_ASSIGNED TASK:_
Could you repeat all of the entries word for word, minus any pictures?
PROVIDED DATA section start
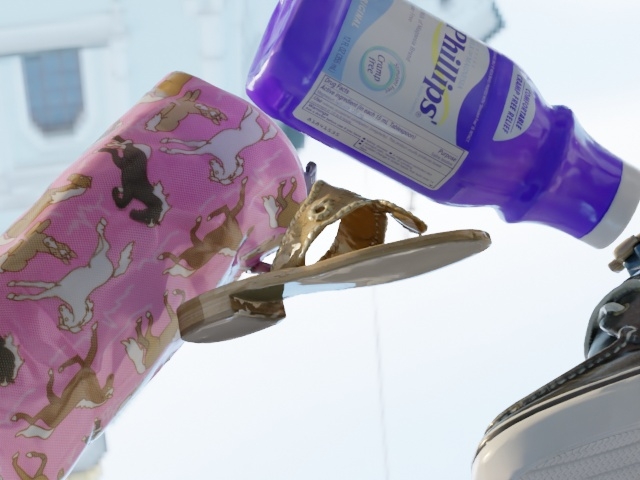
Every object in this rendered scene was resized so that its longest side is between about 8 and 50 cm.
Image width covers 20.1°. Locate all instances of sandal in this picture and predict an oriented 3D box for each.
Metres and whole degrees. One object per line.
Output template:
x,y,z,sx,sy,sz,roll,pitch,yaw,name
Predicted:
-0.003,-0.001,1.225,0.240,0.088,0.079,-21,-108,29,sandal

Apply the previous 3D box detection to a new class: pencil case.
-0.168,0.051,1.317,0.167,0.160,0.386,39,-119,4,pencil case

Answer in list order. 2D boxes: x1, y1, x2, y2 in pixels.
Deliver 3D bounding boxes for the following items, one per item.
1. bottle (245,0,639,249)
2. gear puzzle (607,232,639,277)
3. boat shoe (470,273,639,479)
PROVIDED DATA section end
_YOUR RESPONSE:_
Every object in this rendered scene was resized so that its longest side is between about 8 and 50 cm.
Image width covers 20.1°. Locate all instances of sandal in this picture and predict an oriented 3D box for each.
Metres and whole degrees. One object per line.
Output template:
x,y,z,sx,sy,sz,roll,pitch,yaw,name
Predicted:
-0.003,-0.001,1.225,0.240,0.088,0.079,-21,-108,29,sandal

Apply the previous 3D box detection to a new class: pencil case.
-0.168,0.051,1.317,0.167,0.160,0.386,39,-119,4,pencil case

Answer in list order. 2D boxes: x1, y1, x2, y2 in pixels.
Deliver 3D bounding boxes for the following items, one per item.
1. bottle (245,0,639,249)
2. gear puzzle (607,232,639,277)
3. boat shoe (470,273,639,479)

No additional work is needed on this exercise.